+++ Record excerpts +++

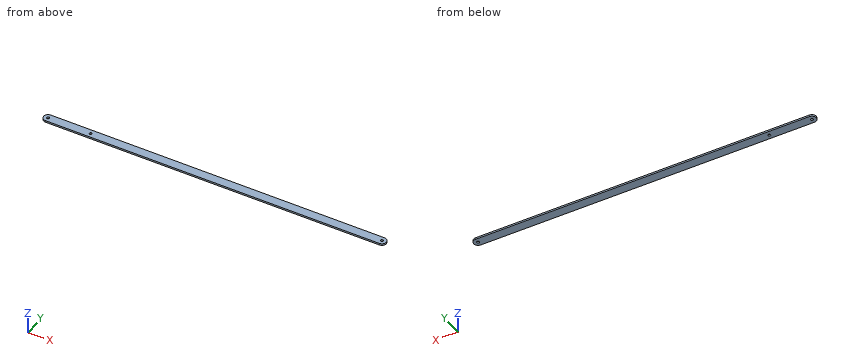
from build123d import *

# Parameters (mm, degrees)
SKETCH1_R           = 4.7625
BOSS_EXTRUDE1_DEPTH = 3.175
SKETCH2_R           = 4.7625
CUT_EXTRUDE1_DEPTH  = 614.01348986


with BuildPart() as part:
    # Sketch1 → Boss-Extrude1 (new, symmetric)
    with BuildSketch(Plane.XY):
        with BuildLine():
            Line((596.9, -15.875), (-596.9, -15.875))
            ThreePointArc((-596.9, -15.875), (-612.775, 0), (-596.9, 15.875))
            Line((-596.9, 15.875), (596.9, 15.875))
            ThreePointArc((596.9, 15.875), (612.775, 0), (596.9, -15.875))
        make_face()
        with Locations((-596.9, 0)):
            Circle(SKETCH1_R, mode=Mode.SUBTRACT)
        with Locations((596.9, 0)):
            Circle(SKETCH1_R, mode=Mode.SUBTRACT)
    extrude(amount=BOSS_EXTRUDE1_DEPTH, both=True)

    # Sketch2 → Cut-Extrude1 (cut, through all)
    with BuildSketch(Plane.XY.offset(3.175)):
        with Locations((-444.5, 0)):
            Circle(SKETCH2_R)
    extrude(amount=-CUT_EXTRUDE1_DEPTH, mode=Mode.SUBTRACT)


solid = part.part
Input: part model. Units: mm. Frame: model coordinates. Coordinates: 2 decimals unless noted, no trailing zeros. Order: outer loops, then holes, each group sorted by start corner. A loop starts at its lowest first (then second) coordinate and runs counter-clockwise, first axis right, second up. Notation, with made-up numbers: M -10.5,70 L 38.5,70 A14 ccw 38.5,92 Z; hole C 14.5,-20 d5. An arc over 180 degrees is marked long. Answer as CSV lines item,"result".
1. Section A-A (y = 0). Return the cut outline in (x, z) (1 decimal), then the cut area to 3 significant figures.
Reported:
outline,"M -612.8,-3.2 L -601.7,-3.2 L -601.7,3.2 L -612.8,3.2 Z; M -592.1,-3.2 L -449.3,-3.2 L -449.3,3.2 L -592.1,3.2 Z; M -439.7,-3.2 L 592.1,-3.2 L 592.1,3.2 L -439.7,3.2 Z; M 601.7,-3.2 L 612.8,-3.2 L 612.8,3.2 L 601.7,3.2 Z"
area,"7,600 mm2"
2. Material intervals for line 1 (X direction, y = 1, z = 1.75); line 2 (Y direction, x = -596.9, z = -1) (1 decimal); line 3 (X direction, y = -2.5, z = -2.5), sorted ascending. Write a range as from..to.
Reported:
line 1,"-612.74..-601.56, -592.24..-449.16, -439.84..592.24, 601.56..612.74"
line 2,"-15.9..-4.8, 4.8..15.9"
line 3,"-612.58..-600.95, -592.85..-448.55, -440.45..592.85, 600.95..612.58"
3. First-contact query: P1, Ø1.5, axis at y = -9.5, z = 1.5, coming from the -X side; P2, Ø5.5, axis at x = -596.9, y = 0, coming from the -Z side. Flat tips, straight axial feed; report the tip coordinate or a pass-through.
Reported:
P1,"x = -610.15"
P2,"through"

+++

* What to work on:
All of the data must be repeated exactly, except for the pictures.

* The completed task:
from build123d import *

# Parameters (mm, degrees)
SKETCH1_R           = 4.7625
BOSS_EXTRUDE1_DEPTH = 3.175
SKETCH2_R           = 4.7625
CUT_EXTRUDE1_DEPTH  = 614.01348986


with BuildPart() as part:
    # Sketch1 → Boss-Extrude1 (new, symmetric)
    with BuildSketch(Plane.XY):
        with BuildLine():
            Line((596.9, -15.875), (-596.9, -15.875))
            ThreePointArc((-596.9, -15.875), (-612.775, 0), (-596.9, 15.875))
            Line((-596.9, 15.875), (596.9, 15.875))
            ThreePointArc((596.9, 15.875), (612.775, 0), (596.9, -15.875))
        make_face()
        with Locations((-596.9, 0)):
            Circle(SKETCH1_R, mode=Mode.SUBTRACT)
        with Locations((596.9, 0)):
            Circle(SKETCH1_R, mode=Mode.SUBTRACT)
    extrude(amount=BOSS_EXTRUDE1_DEPTH, both=True)

    # Sketch2 → Cut-Extrude1 (cut, through all)
    with BuildSketch(Plane.XY.offset(3.175)):
        with Locations((-444.5, 0)):
            Circle(SKETCH2_R)
    extrude(amount=-CUT_EXTRUDE1_DEPTH, mode=Mode.SUBTRACT)


solid = part.part
Input: part model. Units: mm. Frame: model coordinates. Coordinates: 2 decimals unless noted, no trailing zeros. Order: outer loops, then holes, each group sorted by start corner. A loop starts at its lowest first (then second) coordinate and runs counter-clockwise, first axis right, second up. Notation, with made-up numbers: M -10.5,70 L 38.5,70 A14 ccw 38.5,92 Z; hole C 14.5,-20 d5. An arc over 180 degrees is marked long. Answer as CSV lines item,"result".
1. Section A-A (y = 0). Return the cut outline in (x, z) (1 decimal), then the cut area to 3 significant figures.
Reported:
outline,"M -612.8,-3.2 L -601.7,-3.2 L -601.7,3.2 L -612.8,3.2 Z; M -592.1,-3.2 L -449.3,-3.2 L -449.3,3.2 L -592.1,3.2 Z; M -439.7,-3.2 L 592.1,-3.2 L 592.1,3.2 L -439.7,3.2 Z; M 601.7,-3.2 L 612.8,-3.2 L 612.8,3.2 L 601.7,3.2 Z"
area,"7,600 mm2"
2. Material intervals for line 1 (X direction, y = 1, z = 1.75); line 2 (Y direction, x = -596.9, z = -1) (1 decimal); line 3 (X direction, y = -2.5, z = -2.5), sorted ascending. Write a range as from..to.
Reported:
line 1,"-612.74..-601.56, -592.24..-449.16, -439.84..592.24, 601.56..612.74"
line 2,"-15.9..-4.8, 4.8..15.9"
line 3,"-612.58..-600.95, -592.85..-448.55, -440.45..592.85, 600.95..612.58"
3. First-contact query: P1, Ø1.5, axis at y = -9.5, z = 1.5, coming from the -X side; P2, Ø5.5, axis at x = -596.9, y = 0, coming from the -Z side. Flat tips, straight axial feed; report the tip coordinate or a pass-through.
Reported:
P1,"x = -610.15"
P2,"through"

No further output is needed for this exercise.